Monday, December 05, 2005

My Trip to the Deli and Xenophobia

White running a few errands today, bundled up and sniffly, I walked past a deli and got a sudden hankering for a real-deal deli sammich. I went in and looked around at the people staring at me. The Mamma (I could tell she was the Mamma because she wore a flowered dress and an apron--just like on TV) asked me, "Whaddya want?" I told her, in between sniffles, I wanted a sammich. She leaned on the deli case and extolled the virtues of the various meat logs on display. Despite some strong-arming on her part towards buffalo spicy turkey and jalapeno Jack cheese, I settled on an ordinary turkey and Provolone on Rye, and yes, put everything on it.

Mamma popped her son, who was minding his own business of sammich-eating at a table, upside the head to go and make my sammich already. Gave him a weak smile and wandered off to the corner. No choice but to eavesdrop on the heavyset lady holding court in the center of the deli.

She's talking about how you can't tell what type a person is just by looking at them anymore. Using herself as an example, she asks no one in particular to guess her heritage. I say nothing, but think: Irish. She's got that look about her. Since no one guesses, she reveals that she is of Norweigan and Italian descent, with a little French-Canadian and Irish (ha!) thrown in.

A young guy peeps, "I'm Turkish and Ecuadorian!" And people murmur about that not being surprising, since there's a lot of Turks in the neighborhood. The guy quickly points out Turks aren't that kind of Arab. The guy making my sammich can't believe his friend is part Turkish--so is he, only Turkish/Italian. His Mamma, who I wager is the Italian part of this equation, speaks halting Spanish to a young woman who's come in with her three little kids, looking for a job.

The young guy tells the heavyset woman he thought she was Jewish, on account of her big nose. She looks sidelong at me, decides the coast is clear, and asserts to the guy with a pointed finger that there's no Jews in her family tree.

I wince, but decline comment.
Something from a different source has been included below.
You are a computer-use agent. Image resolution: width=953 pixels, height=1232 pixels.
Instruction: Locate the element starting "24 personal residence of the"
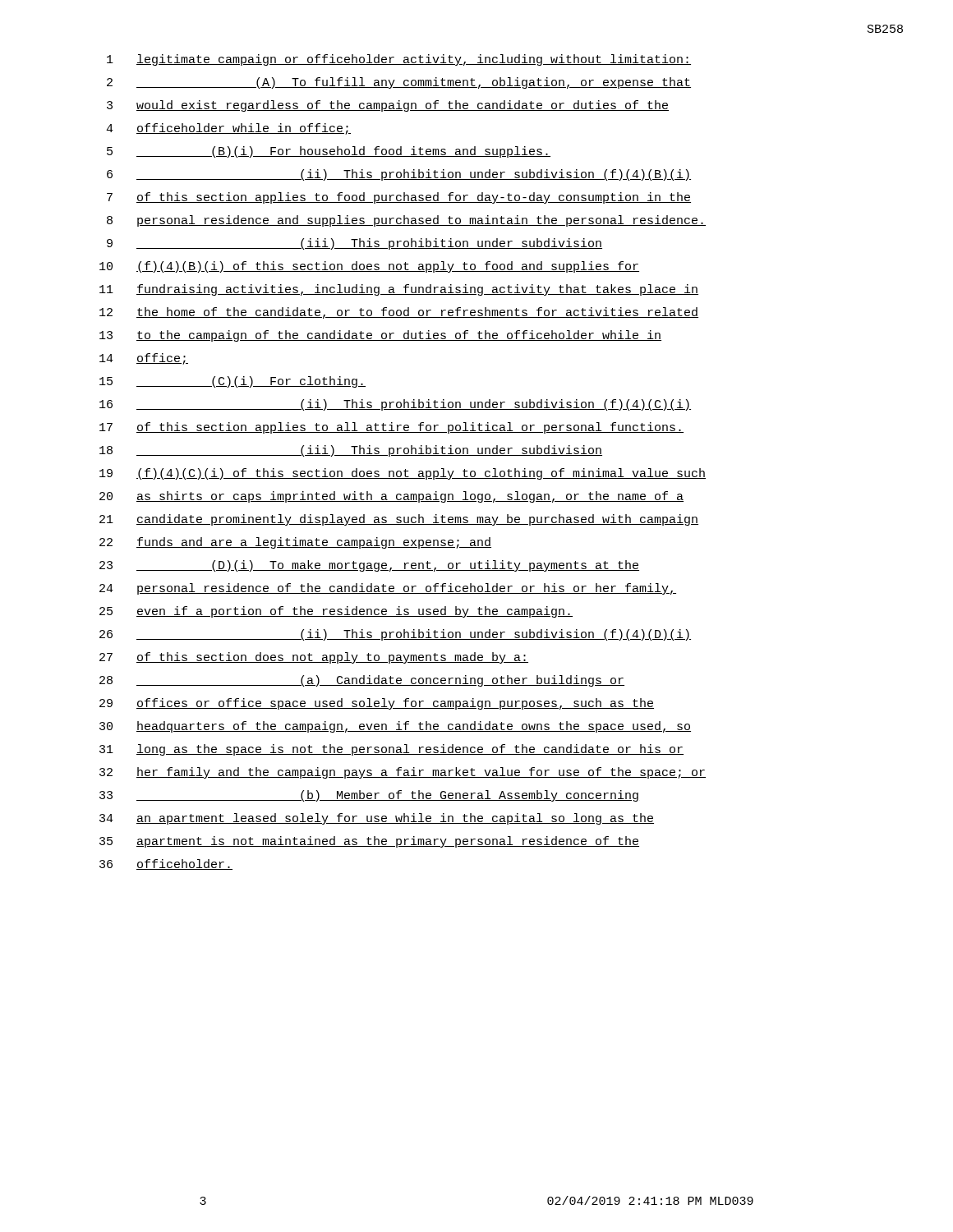pos(379,590)

This isn't Williamsburg, after all, this is Bay Ridge. We Heebs make up a very small portion of the populace. There are still plenty of Italians in Tony Manero's old stomping ground, but times changed and lots of Arab people moved in. I've seen so many women walking around in full Burkha that it doesn't faze me anymore. They usually give ME the hairy eyeball, as if I'm the weird one walking down a Brooklyn Avenue.
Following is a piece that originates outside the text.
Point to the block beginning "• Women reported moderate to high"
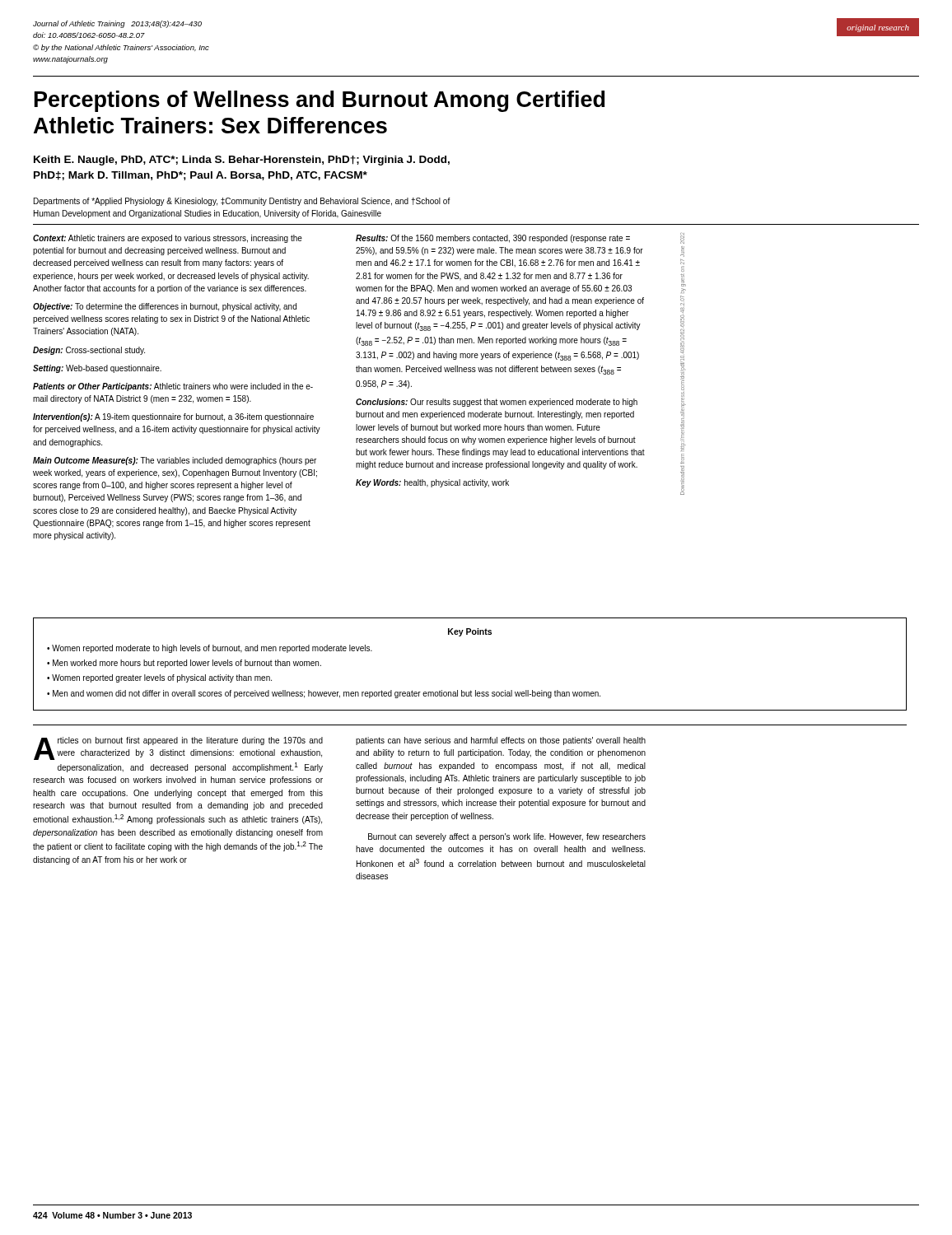This screenshot has width=952, height=1235. [x=210, y=648]

Now, I will admit to being rather xenophobic, but galdarnit, I'm trying. The fat lady at the deli is calling herself, and everyone else in the deli but me, a "mutt". I grab my sammich and take my Irish-French-Jewish-Native American-Scottish self out of there.
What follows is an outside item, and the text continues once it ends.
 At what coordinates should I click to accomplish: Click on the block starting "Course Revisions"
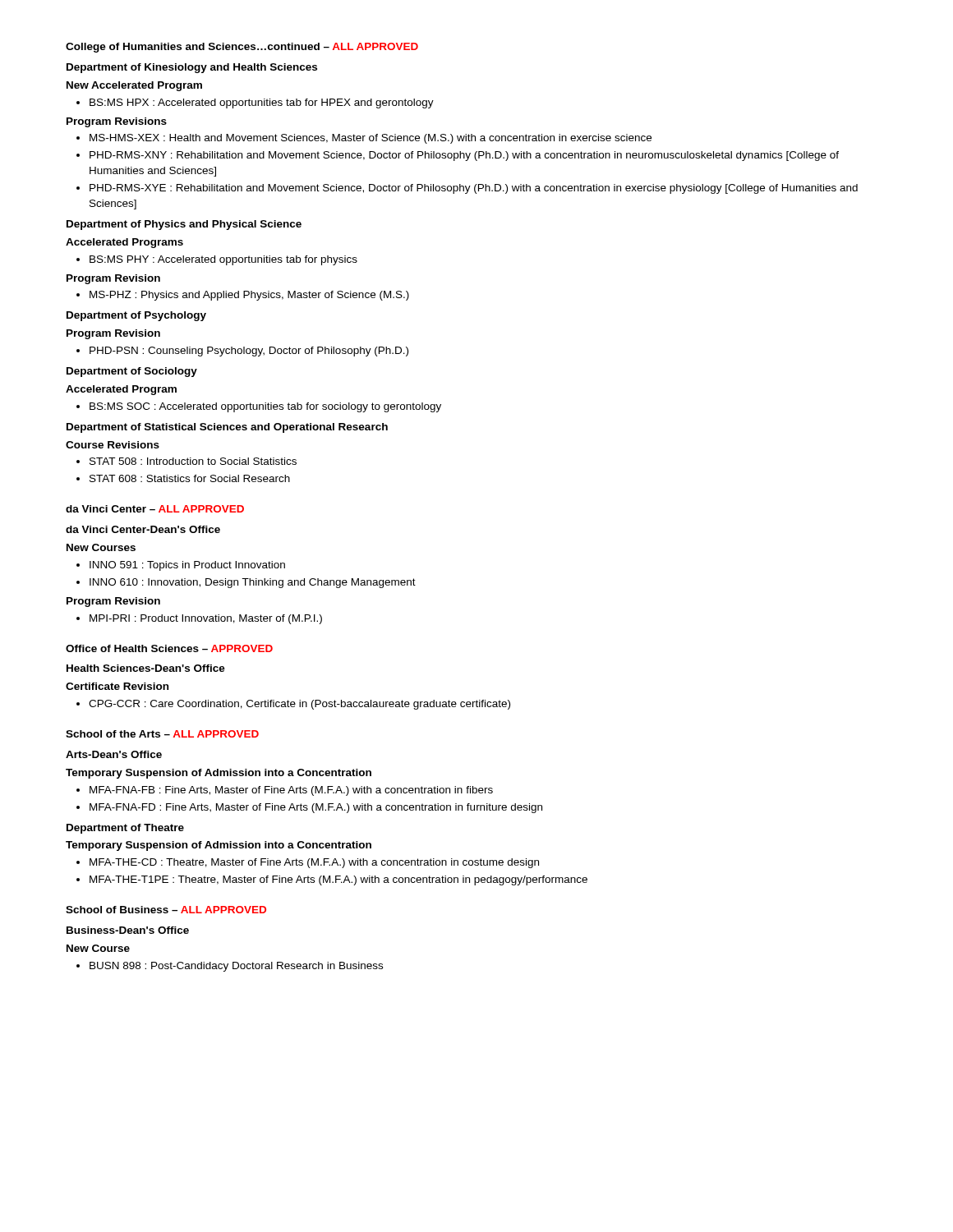pyautogui.click(x=113, y=444)

Isn't that what it means to be American? What are the ingredients in your family melting pot? Do you look like you oughta?

4 Comments:

Blogger Trouble said...

You couldn't be more gorgeous, Linny, that's for damn sure!

3:42 PM  
Blogger Leave It To Cleavage said...

Linny I agree with Trouble and then would say the same about her.

I don't know if I look like I oughta. Everyone asks me if I'm Italian. But I'm Greek-Russian-Romanian-Irish-Jewish-Polish. Ok, we're unsure about the Irish-Polish, my mom is adopted and that is the desent of the man that was on her birth certificate (her biological mom was unsure of which of the two men that she was involved in was actually the father, and Irish-Polish is what she went with).

3:40 AM  
Blogger LisaBinDaCity said...

No one EVER thinks my ethnic heritage is what it is. I use that to great advantage cause people say things in front of me they shouldn't. Much like your heavyset lady. Interesting yes? You get to see people's true colors.

And welcome to New York, one of the world's greatest melting pots.

5:25 AM  
Blogger Tracy Kaufman said...

Hey, terrific blog you've got here. It's really interesting how this ethnic background issue comes up in slightly different ways all around Brooklyn and Queens. Though the other night, I was buying a winter hat in some store near Union Square, and the lady took a look at my debit card and asked, "Jewish?" I said "Half." She leaned down and said quietly, "The good half!"

And thanks for defending me in my times of strife today! I really needed to hear something that wasn't an insult!